Oda Masaaki, Kurasawa Yasuhiro, Todokoro Kazuo, Nagata Yuka
Laboratory of Molecular Cell Science, RIKEN (The Institute of Physical and Chemical Research), 2-1 Hirosawa, Wako, Saitama 351-0198, Japan.
Genes Cells. 2003 Jan;8(1):9-15. doi: 10.1046/j.1365-2443.2003.00610.x.
We previously reported that the expressions of two CXC chemokines, neutrophil activating peptide-2 (NAP-2) and platelet factor-4 (PF-4), were induced by megakaryocyte-specific cytokine thrombopoietin (TPO) in mouse bone marrow megakaryocytes. The roles of these chemokines on megakaryocyte maturation/differentiation processes, including polyploidization and proplatelet formation (PPF) remain unresolved.

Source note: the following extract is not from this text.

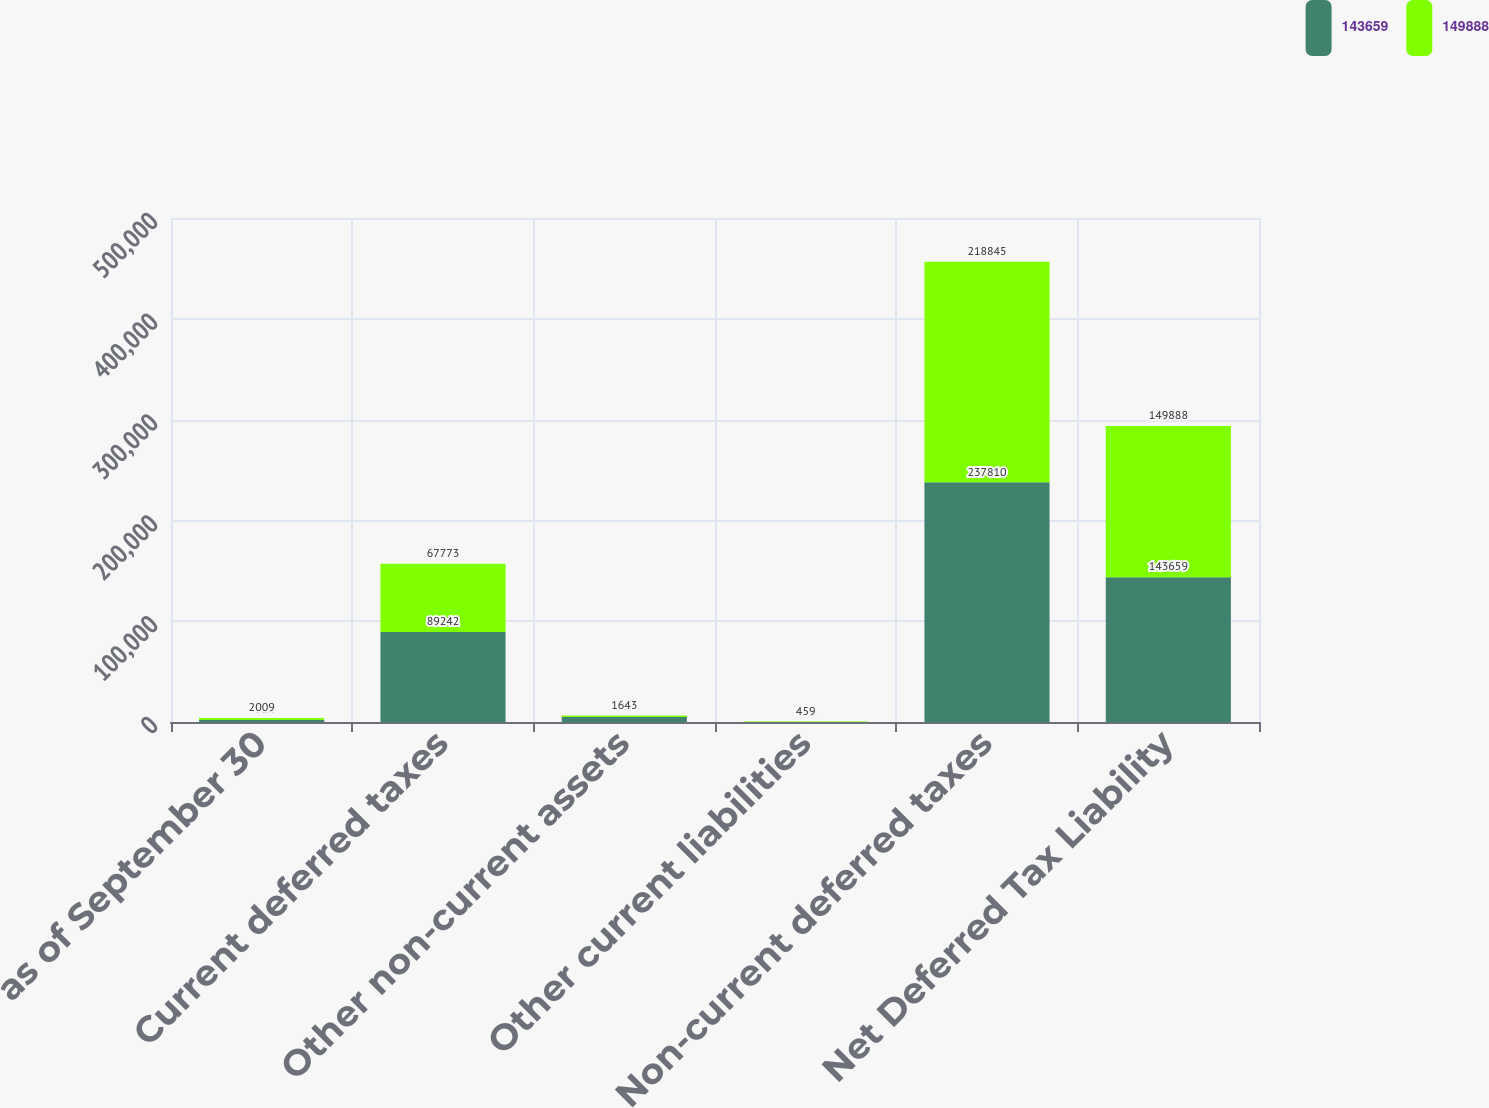<chart> <loc_0><loc_0><loc_500><loc_500><stacked_bar_chart><ecel><fcel>as of September 30<fcel>Current deferred taxes<fcel>Other non-current assets<fcel>Other current liabilities<fcel>Non-current deferred taxes<fcel>Net Deferred Tax Liability<nl><fcel>143659<fcel>2010<fcel>89242<fcel>4909<fcel>0<fcel>237810<fcel>143659<nl><fcel>149888<fcel>2009<fcel>67773<fcel>1643<fcel>459<fcel>218845<fcel>149888<nl></chart>

NAP-2 and PF-4 suppressed the PPF of mature megakaryocytes freshly prepared from mouse bone marrow as well as that of the megakaryocyte progenitors, c-Kit+CD41+ cells, isolated from mouse bone marrow and cultured with TPO. NAP-2 and PF-4 inhibited polyploidization of c-Kit+CD41+ cells in the presence of TPO, and also inhibited the proliferation of c-Kit+CD41+ cells.
NAP-2 and PF-4 produced by TPO stimulation in megakaryocytes suppress megakaryocyte maturation and proliferation as a feedback control.
我们之前报道过,两种CXC趋化因子,即中性粒细胞激活肽-2(NAP-2)和血小板因子-4(PF-4),在小鼠骨髓巨核细胞中由巨核细胞特异性细胞因子血小板生成素(TPO)诱导表达。这些趋化因子在巨核细胞成熟/分化过程中的作用,包括多倍体化和前血小板形成(PPF),仍未明确。
NAP-2和PF-4抑制了从小鼠骨髓新鲜制备的成熟巨核细胞以及从小鼠骨髓分离并与TPO一起培养的巨核细胞祖细胞c-Kit+CD41+细胞的PPF。NAP-2和PF-4在TPO存在的情况下抑制了c-Kit+CD41+细胞的多倍体化,并且还抑制了c-Kit+CD41+细胞的增殖。
巨核细胞中TPO刺激产生的NAP-2和PF-4作为反馈控制抑制巨核细胞的成熟和增殖。